Communal leaders say the administration’s efforts to connect with them appear to be a down payment on campaign promises of full transparency and outreach to all communities.

Initial administration outreach has departed somewhat from previous presidents’ approaches. In assembling invitation lists, the White House does not limit itself to working through the Conference of Presidents of Major American Jewish Organizations, the Jewish establishment’s formal foreign-policy voice to the executive branch. Ideologically diverse groups outside that orbit, such as the New Israel Fund and The Israel Project, have become regular participants in administration meetings.

The White House has also broken with tradition in not yet naming one individual as designated Jewish community liaison. Nonetheless, the job is still done, as in the past, by the Office of Public Liaison, now headed by Tina Tchen, who coordinated and moderated the recent conference calls.

Two White House staffers conduct daily outreach: Susan Sher, associate counsel to the president, and vice presidential staffer Danielle Borrin. Both are considered to have strong Jewish community ties. Sher was involved with the community in Chicago, and Borrin interned in the Washington office of United Jewish Communities before joining the staff of then-senator Joe Biden.
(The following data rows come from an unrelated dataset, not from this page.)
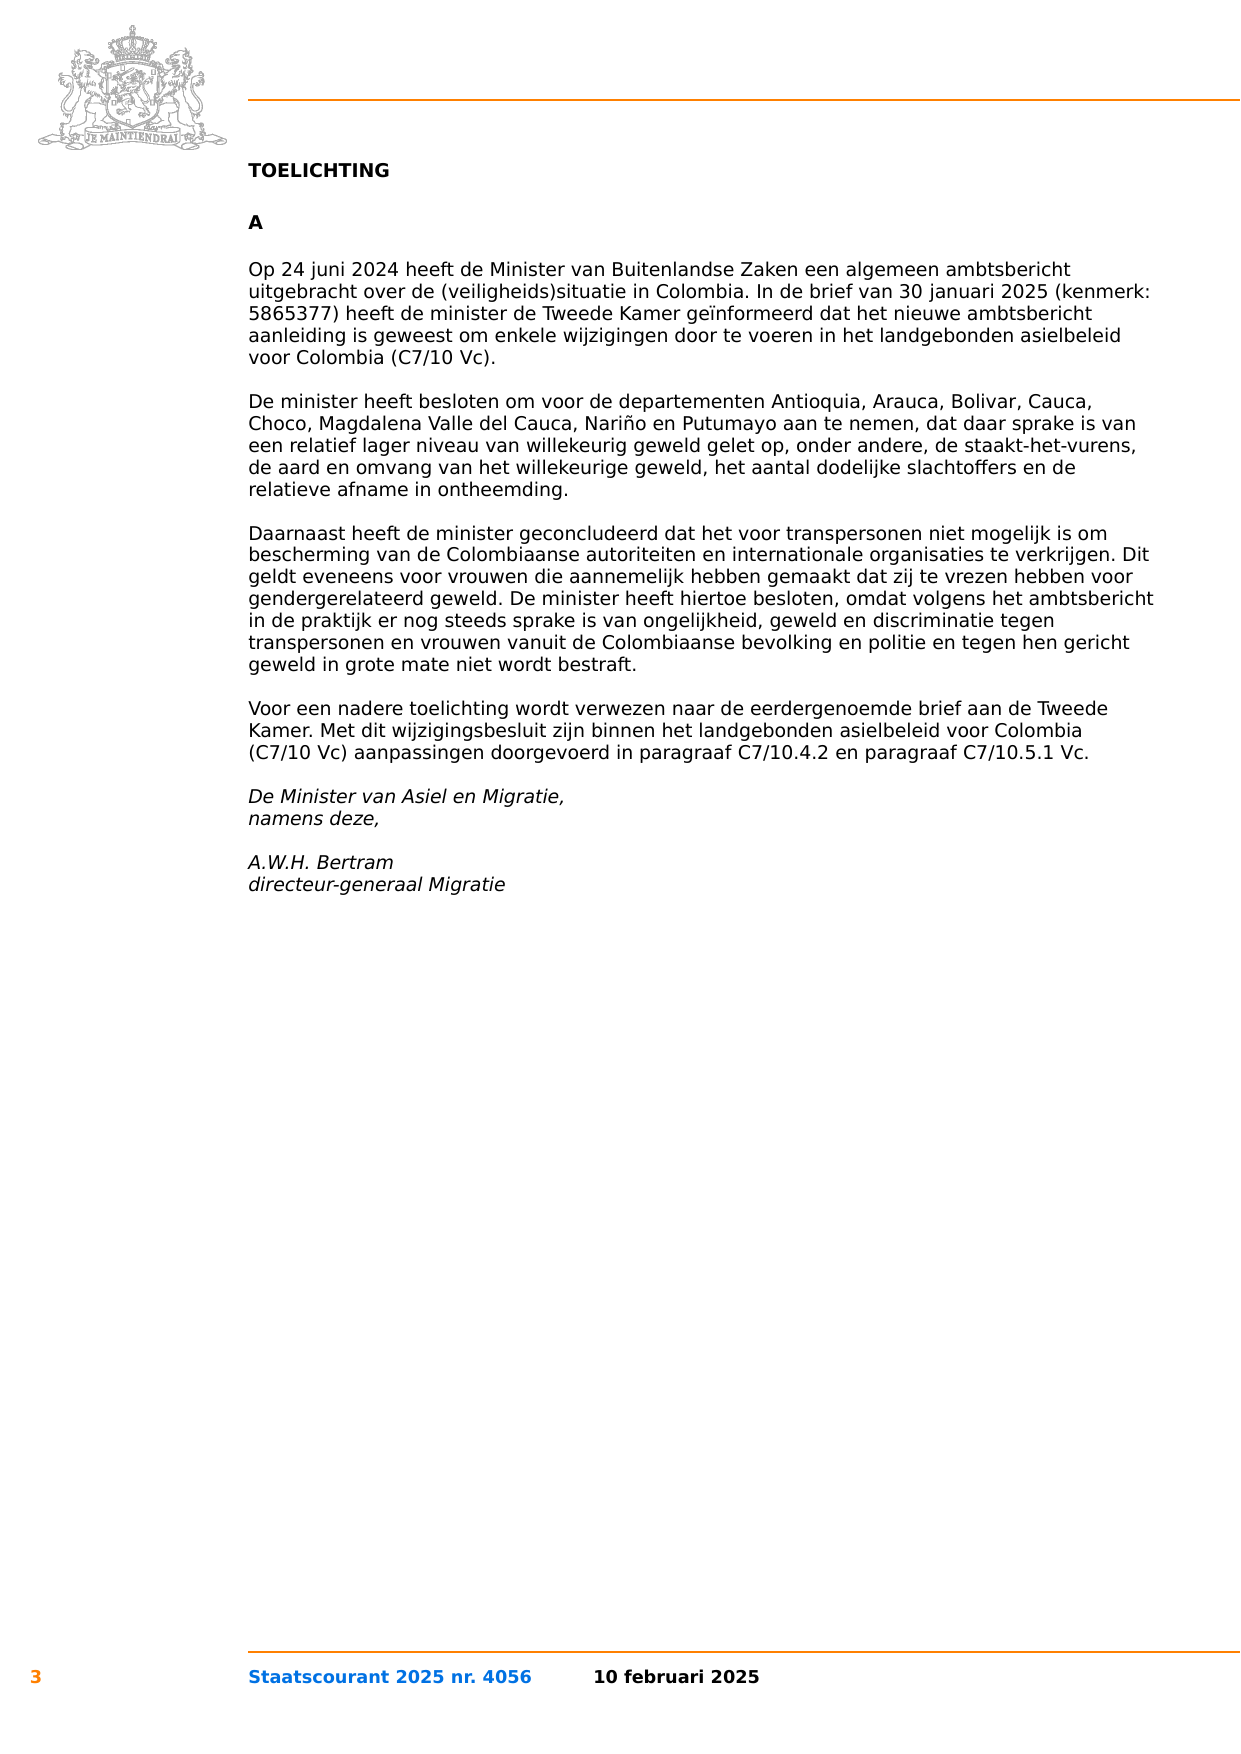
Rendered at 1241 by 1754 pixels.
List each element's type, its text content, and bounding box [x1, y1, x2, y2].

text Voor een nadere toelichting wordt verwezen naar de eerdergenoemde brief aan de Tweede Kamer. Met dit wijzigingsbesluit zijn binnen het landgebonden asielbeleid voor Colombia (C7/10 Vc) aanpassingen doorgevoerd in paragraaf C7/10.4.2 en paragraaf C7/10.5.1 Vc. [248, 698, 1163, 764]
text Op 24 juni 2024 heeft de Minister van Buitenlandse Zaken een algemeen ambtsbericht uitgebracht over de (veiligheids)situatie in Colombia. In de brief van 30 januari 2025 (kenmerk: 5865377) heeft de minister de Tweede Kamer geïnformeerd dat het nieuwe ambtsbericht aanleiding is geweest om enkele wijzigingen door te voeren in het landgebonden asielbeleid voor Colombia (C7/10 Vc). [248, 259, 1163, 369]
picture [38, 25, 227, 150]
text De minister heeft besloten om voor de departementen Antioquia, Arauca, Bolivar, Cauca, Choco, Magdalena Valle del Cauca, Nariño en Putumayo aan te nemen, dat daar sprake is van een relatief lager niveau van willekeurig geweld gelet op, onder andere, de staakt-het-vurens, de aard en omvang van het willekeurige geweld, het aantal dodelijke slachtoffers en de relatieve afname in ontheemding. [248, 391, 1163, 501]
subtitle A [248, 212, 1163, 234]
text Daarnaast heeft de minister geconcludeerd dat het voor transpersonen niet mogelijk is om bescherming van de Colombiaanse autoriteiten en internationale organisaties te verkrijgen. Dit geldt eveneens voor vrouwen die aannemelijk hebben gemaakt dat zij te vrezen hebben voor gendergerelateerd geweld. De minister heeft hiertoe besloten, omdat volgens het ambtsbericht in de praktijk er nog steeds sprake is van ongelijkheid, geweld en discriminatie tegen transpersonen en vrouwen vanuit de Colombiaanse bevolking en politie en tegen hen gericht geweld in grote mate niet wordt bestraft. [248, 522, 1163, 676]
subtitle TOELICHTING [248, 160, 1163, 182]
text De Minister van Asiel en Migratie, namens deze, A.W.H. Bertram directeur-generaal Migratie [248, 786, 1163, 896]

“Instead of having one point person, one e-mail address, one phone number to call, we have three,” said William Daroff, head of the UJC Washington office.

It is still not clear if and when the White House will name a full-time Jewish community liaison. Tchen has cited budgetary constraints as the reason the position remains unfilled. But a former Bush administration official scoffed at this, arguing, “There will always be resources to meet the president’s political needs.”
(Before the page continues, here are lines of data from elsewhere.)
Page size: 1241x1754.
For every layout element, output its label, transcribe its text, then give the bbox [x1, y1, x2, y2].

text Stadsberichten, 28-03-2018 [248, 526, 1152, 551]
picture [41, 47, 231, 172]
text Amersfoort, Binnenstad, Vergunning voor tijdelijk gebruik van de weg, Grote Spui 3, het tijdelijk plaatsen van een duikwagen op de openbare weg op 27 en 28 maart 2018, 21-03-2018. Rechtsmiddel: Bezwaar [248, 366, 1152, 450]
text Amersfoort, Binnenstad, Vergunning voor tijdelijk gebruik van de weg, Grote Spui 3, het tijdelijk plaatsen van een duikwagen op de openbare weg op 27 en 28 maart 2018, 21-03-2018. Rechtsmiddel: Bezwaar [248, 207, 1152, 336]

Dealing with the organized Jewish community’s myriad political connections has challenged every administration in designing its communications strategy. Previous administrations have had to juggle Jewish advocates’ expectations of having their own White House point person with the often contradictory desire for direct access to higher levels.

In this administration, as in others, certain senior officials have become de facto channels for lobbying, information and dialogue. Dan Shapiro, Middle East affairs director at the National Security Council, is seen as an address for Jewish groups on foreign policy issues. A former aide to Florida Democratic Senator Bill Nelson, Shapiro worked at the National Security Council during the Clinton administration and was a liaison on Middle East issues in Obama’s presidential campaign.

Another White House address is chief of staff Rahm Emanuel, who has longstanding ties with Jewish leaders both in Chicago and nationally, though his top position makes him less accessible than others.

In Mitchell’s hour-long February 19 conference call with Jewish leaders, the envoy made clear that he wanted to hear community activists’ views. He also spoke directly to some of their concerns, said one participant who took notes. Aware of criticism of his 2001 report on the Israeli-Palestinian conflict, Mitchell noted, “On the plane back from the region, I read my report from eight years ago and saw how the reality on the ground has changed.”

While the 2001 report does not mention the word “Iran,” he said, the issue was raised in the first sentence of every conversation in his latest talks.

The former Maine senator also tried to ease concerns regarding his views on settlements, saying they were only one issue among many that will have to be dealt with by the administration, not an exclusive focus.